Well, he's got some political capital that I guess he could say he's won by executing
phase one of the 20-point peace plan.
So maybe this has given him some political capital as the peace president.
He can now say that, look, I've actually gotten phase one done, and now we're working on phase two.
But as we're working on phase two, we also have to deal with our big problem in the Middle East, the way he may be seeing it, which is Iran.
And so it kind of becomes a type of package deal, like a package solution in that you're negotiating phase two.
or you're saying that you're negotiating phase two, but in order to get phase two done,
you know, you've got this underlying problem, which for them is Iran.
So phase two can't really be fully complete or the full completion of the 20-point peace plan
can happen until you deal with Iran.
That might be how they're positioning.
Well, exactly.
I mean, I'm simplifying it, but that might be how they're positioning the story.
I mean, can I just say...
The strategy of this.
Can I just say that when I looked at the White House website a few hours ago,
there was a huge thing there about the President of Peace.
So it's exactly what you said, that they are currently on the strength of this,
projecting Trump as the President of Peace.
And bear in mind that the Nobel Peace Prize Committee is due to meet in a few days.
So it might very well be that there's partly part of the agenda too.
But anyway, I think you've got it exactly.
If Hamas digs in its heels about disarmament or something of that kind, you can immediately
see what they're going to say.
They're going to say, well, Hamas is taking this hard line because he's being encouraged
to do so by Iran.
So in order to fully bring peace to Gaza and to the rest of the Middle East, we need to go
after the head of the snake, which is the regime of the island.
Ayatollahs in Iran, and so we attack Iran.
And you can very easily see how that narrative might start to surface and how it could very easily
be believed in.
Bear in mind that Trump himself has made it clear many times that he is very antagonistic
to Iran and to the regime, to the government there and to the regime there.
I mean, he really, really does.
like them.
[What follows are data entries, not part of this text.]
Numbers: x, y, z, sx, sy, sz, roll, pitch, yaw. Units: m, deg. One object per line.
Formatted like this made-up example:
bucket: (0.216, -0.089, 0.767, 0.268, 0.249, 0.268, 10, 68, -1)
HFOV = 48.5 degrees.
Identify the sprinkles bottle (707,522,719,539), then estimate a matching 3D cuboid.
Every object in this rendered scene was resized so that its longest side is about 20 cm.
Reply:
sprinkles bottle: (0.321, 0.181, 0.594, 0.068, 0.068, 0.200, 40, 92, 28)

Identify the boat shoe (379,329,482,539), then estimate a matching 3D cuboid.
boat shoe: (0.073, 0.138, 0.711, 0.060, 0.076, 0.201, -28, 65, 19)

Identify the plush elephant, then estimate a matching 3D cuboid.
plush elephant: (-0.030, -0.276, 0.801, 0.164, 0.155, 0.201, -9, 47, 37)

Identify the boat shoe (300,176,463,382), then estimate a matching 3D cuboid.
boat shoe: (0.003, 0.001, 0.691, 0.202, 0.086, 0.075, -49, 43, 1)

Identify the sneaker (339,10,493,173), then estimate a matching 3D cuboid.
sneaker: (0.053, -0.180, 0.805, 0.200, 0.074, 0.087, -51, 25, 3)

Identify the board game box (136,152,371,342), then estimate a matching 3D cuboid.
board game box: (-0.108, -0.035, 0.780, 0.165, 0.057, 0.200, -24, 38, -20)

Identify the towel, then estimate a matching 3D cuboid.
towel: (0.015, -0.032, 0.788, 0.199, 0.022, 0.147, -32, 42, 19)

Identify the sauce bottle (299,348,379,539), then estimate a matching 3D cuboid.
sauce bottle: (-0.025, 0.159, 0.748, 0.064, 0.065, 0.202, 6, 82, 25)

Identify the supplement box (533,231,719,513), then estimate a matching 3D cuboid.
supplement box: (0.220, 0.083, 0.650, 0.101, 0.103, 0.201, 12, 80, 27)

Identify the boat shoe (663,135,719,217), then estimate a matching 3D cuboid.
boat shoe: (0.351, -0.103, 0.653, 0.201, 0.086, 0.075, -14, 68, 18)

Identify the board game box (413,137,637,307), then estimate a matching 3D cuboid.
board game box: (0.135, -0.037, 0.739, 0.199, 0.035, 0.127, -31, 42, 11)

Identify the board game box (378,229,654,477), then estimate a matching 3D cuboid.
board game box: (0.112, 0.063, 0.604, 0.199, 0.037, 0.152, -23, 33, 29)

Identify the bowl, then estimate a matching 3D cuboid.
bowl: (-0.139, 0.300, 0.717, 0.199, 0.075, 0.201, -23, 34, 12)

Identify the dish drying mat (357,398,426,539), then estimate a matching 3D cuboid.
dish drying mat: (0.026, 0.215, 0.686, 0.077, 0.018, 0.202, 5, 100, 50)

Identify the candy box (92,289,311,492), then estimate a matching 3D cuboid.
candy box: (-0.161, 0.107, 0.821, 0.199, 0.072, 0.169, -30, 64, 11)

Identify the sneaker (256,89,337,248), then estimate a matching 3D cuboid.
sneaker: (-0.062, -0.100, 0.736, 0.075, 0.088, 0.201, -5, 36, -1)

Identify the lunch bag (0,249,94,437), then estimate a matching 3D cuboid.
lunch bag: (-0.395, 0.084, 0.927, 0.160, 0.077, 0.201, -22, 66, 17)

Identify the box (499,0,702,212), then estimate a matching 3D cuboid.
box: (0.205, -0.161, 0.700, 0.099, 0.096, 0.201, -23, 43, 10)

So it's given he's already existing feelings about them, it's probably not going
to be very difficult to persuade him that all of the problems in the Middle East, including
the difficulty of getting a piece sorted out in Gaza, are ultimately down to Iran.
Okay, so yeah, we'll end the video there. The main point is that
the phase two of the peace plan is going to be the difficult part now.
So we're going to monitor what happened going forward, right?
Absolutely.
Well, we are.
We have to.
But as I said, I mean, having said that, I mean, let's not be totally negative or pessimistic
about this.
People are going to be free who up to now have not been.
And that is a good thing.
That is a good thing.
And people shouldn't overlook that.
Yeah, absolutely.
All right, we will end the video there.